The power apps added a wrinkle into early game play, and while they instigated a lot of talk and turmoil, they did very little to affect the game itself. Sam’s power app came and went without event as Kaitlin couldn’t complete her puzzle to return to the house, and Bayleigh was voted out before she could use her game-changing power app.
Tyler’s is the only one remaining, and while it could affect the game, it would only keep him safe, so it ultimately wouldn’t change much. I think the power apps are one of the most successful twists this show has come up with in 20 seasons.

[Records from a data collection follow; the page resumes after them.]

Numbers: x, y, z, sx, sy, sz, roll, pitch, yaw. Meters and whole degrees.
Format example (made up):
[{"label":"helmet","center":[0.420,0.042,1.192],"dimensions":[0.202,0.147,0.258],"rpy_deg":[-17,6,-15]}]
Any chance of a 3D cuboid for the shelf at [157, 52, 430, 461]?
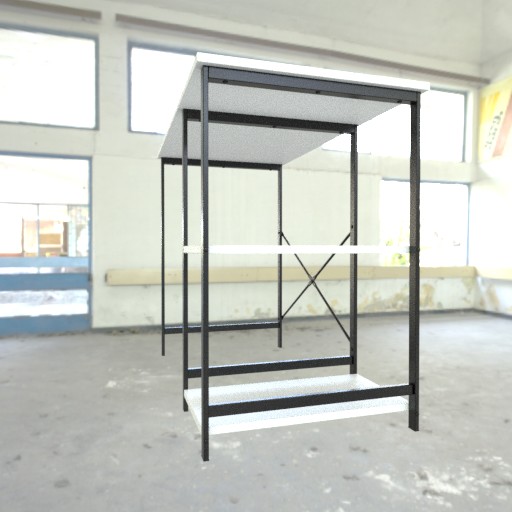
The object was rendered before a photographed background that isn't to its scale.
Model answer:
[{"label":"shelf","center":[0.000,0.000,1.307],"dimensions":[0.498,0.750,0.902],"rpy_deg":[0,1,-17]}]
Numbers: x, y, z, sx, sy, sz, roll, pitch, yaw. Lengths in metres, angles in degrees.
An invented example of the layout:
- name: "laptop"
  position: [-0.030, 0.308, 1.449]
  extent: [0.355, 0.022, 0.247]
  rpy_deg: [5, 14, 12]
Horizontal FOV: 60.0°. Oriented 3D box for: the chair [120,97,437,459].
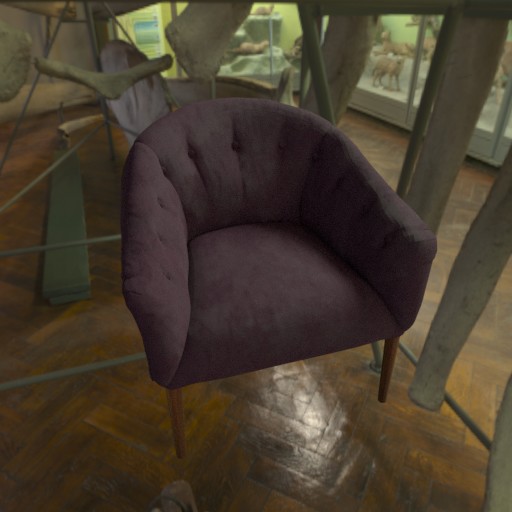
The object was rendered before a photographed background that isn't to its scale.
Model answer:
- name: "chair"
  position: [0.000, 0.000, 1.478]
  extent: [0.851, 0.885, 0.776]
  rpy_deg: [-9, 32, -15]
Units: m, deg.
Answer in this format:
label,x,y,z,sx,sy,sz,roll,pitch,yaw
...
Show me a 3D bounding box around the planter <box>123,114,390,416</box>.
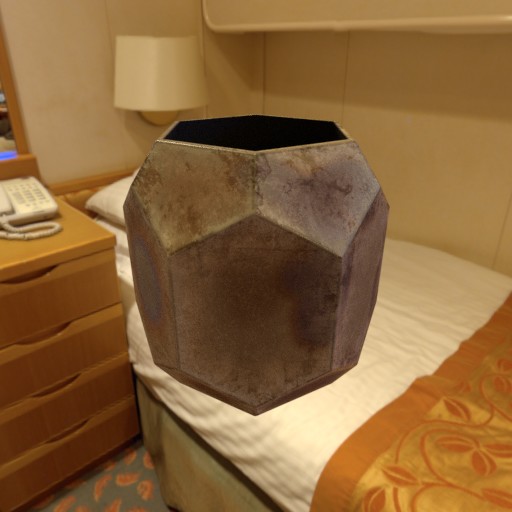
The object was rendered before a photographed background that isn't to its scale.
label,x,y,z,sx,sy,sz,roll,pitch,yaw
planter,0.000,0.000,0.426,0.243,0.238,0.221,0,26,0
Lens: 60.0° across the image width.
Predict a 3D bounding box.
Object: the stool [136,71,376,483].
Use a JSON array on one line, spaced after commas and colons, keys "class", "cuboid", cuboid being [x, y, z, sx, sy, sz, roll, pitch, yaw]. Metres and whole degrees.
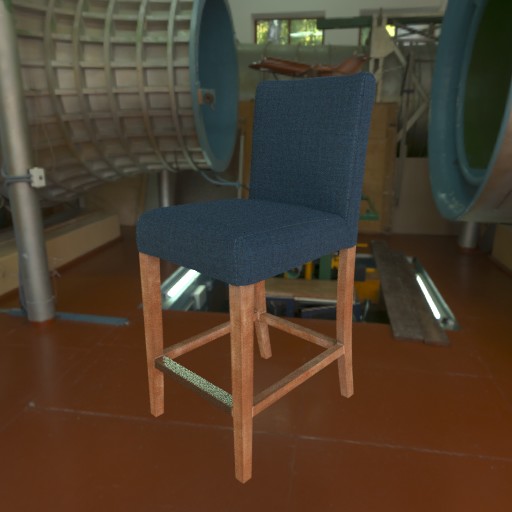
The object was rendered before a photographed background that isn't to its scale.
[{"class": "stool", "cuboid": [0.000, 0.000, 1.332, 0.454, 1.039, 0.567, 15, 22, 42]}]
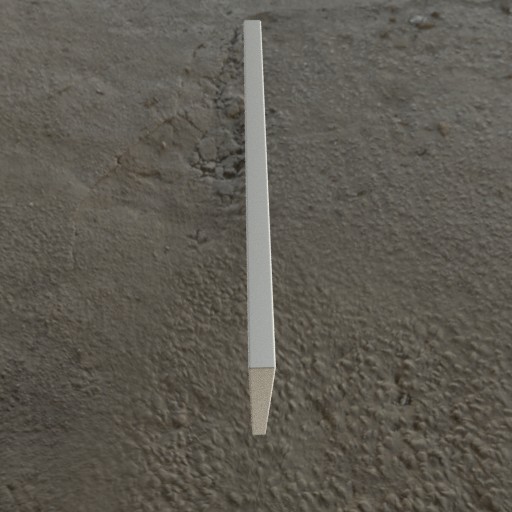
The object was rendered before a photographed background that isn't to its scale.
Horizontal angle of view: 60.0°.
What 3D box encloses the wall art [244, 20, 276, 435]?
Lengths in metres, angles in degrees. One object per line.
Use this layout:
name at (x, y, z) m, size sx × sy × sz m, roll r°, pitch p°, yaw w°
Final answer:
wall art at (0.000, 0.000, 1.116) m, size 0.037 × 0.757 × 0.757 m, roll -1°, pitch 62°, yaw -1°
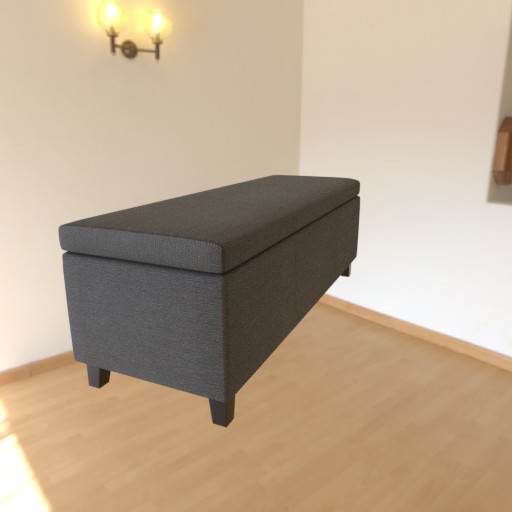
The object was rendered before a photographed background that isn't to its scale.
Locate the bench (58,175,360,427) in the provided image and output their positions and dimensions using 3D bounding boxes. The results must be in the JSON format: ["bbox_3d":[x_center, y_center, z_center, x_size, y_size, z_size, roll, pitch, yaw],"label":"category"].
[{"bbox_3d":[0.000,0.000,1.523,0.446,0.438,1.269,7,17,24],"label":"bench"}]
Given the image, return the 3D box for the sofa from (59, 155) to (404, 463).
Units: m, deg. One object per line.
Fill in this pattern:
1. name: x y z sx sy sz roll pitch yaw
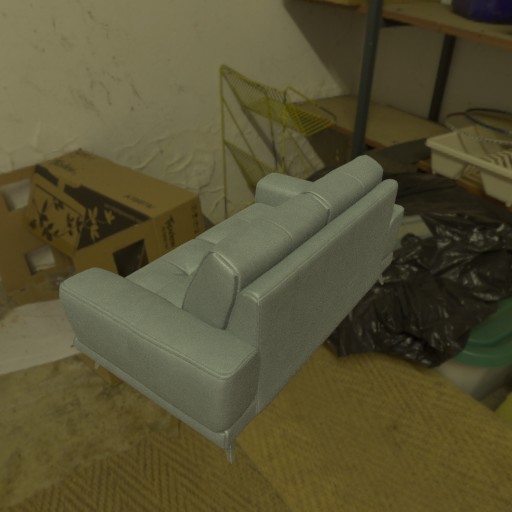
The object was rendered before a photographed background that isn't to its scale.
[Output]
1. sofa: 0.000 0.000 2.431 1.018 0.907 1.806 21 37 30
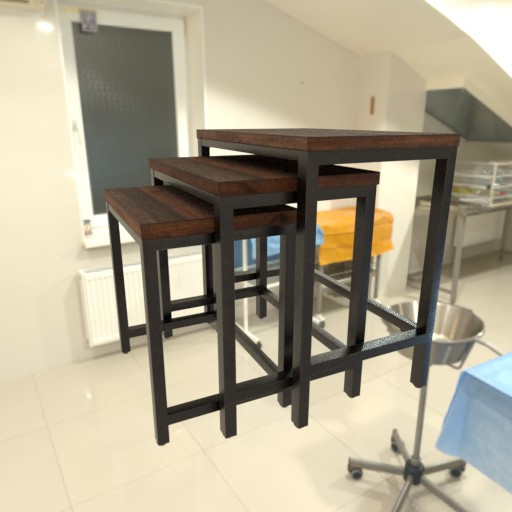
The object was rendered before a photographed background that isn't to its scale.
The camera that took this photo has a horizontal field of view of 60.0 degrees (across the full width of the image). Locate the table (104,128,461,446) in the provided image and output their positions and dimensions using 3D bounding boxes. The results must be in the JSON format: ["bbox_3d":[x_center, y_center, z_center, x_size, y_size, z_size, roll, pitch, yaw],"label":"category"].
[{"bbox_3d":[0.000,0.000,1.142,0.660,0.616,0.608,-8,19,-25],"label":"table"}]
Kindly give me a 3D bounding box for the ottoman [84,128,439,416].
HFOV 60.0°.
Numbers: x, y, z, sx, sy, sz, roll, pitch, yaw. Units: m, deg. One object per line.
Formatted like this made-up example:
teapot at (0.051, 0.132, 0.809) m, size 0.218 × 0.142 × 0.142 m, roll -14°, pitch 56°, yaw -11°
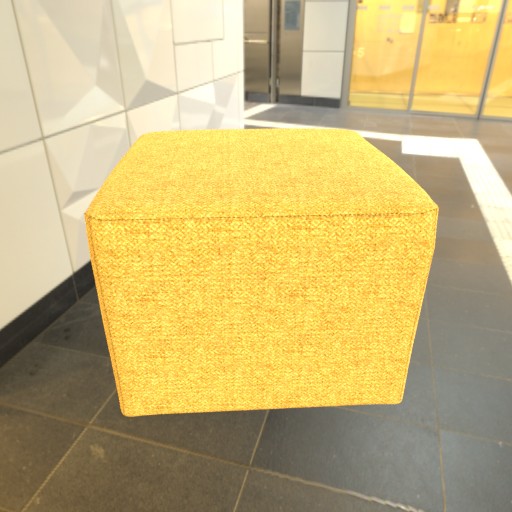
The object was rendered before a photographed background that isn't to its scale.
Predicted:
ottoman at (0.000, 0.000, 0.911) m, size 0.512 × 0.441 × 0.505 m, roll -2°, pitch 28°, yaw -3°
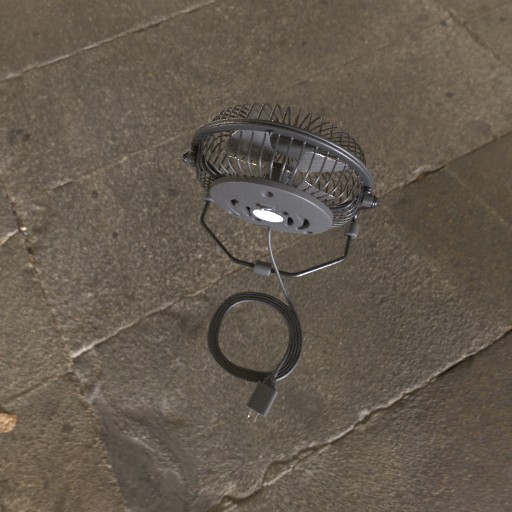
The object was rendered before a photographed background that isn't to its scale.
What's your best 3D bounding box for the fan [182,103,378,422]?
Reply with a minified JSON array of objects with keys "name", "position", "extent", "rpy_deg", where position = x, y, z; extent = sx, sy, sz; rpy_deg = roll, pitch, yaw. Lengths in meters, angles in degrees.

They caused a lot of problems for people who didn’t have them, but ultimately weren’t used in ways that altered the fabric of what makes Big Brother so much fun.
The Hacker comp may have been a bit much, and it definitely affected the game for its two weeks in effect, but at least it was a competition and not just a gifted power. If you’re going to hand out that kind of power, it needs to be an equal opportunity game like the Hacker comp was. In the future, I hope they limit giving one houseguest that much power again, but ultimately, the Hackers won their powers fair and square.
No matter who wins this season of Big Brother, it will definitely go down as one of the best seasons the show has ever produced. The game play has been heightened after last year’s dismal slog, and I hope the producers take note of what has made this season so much better.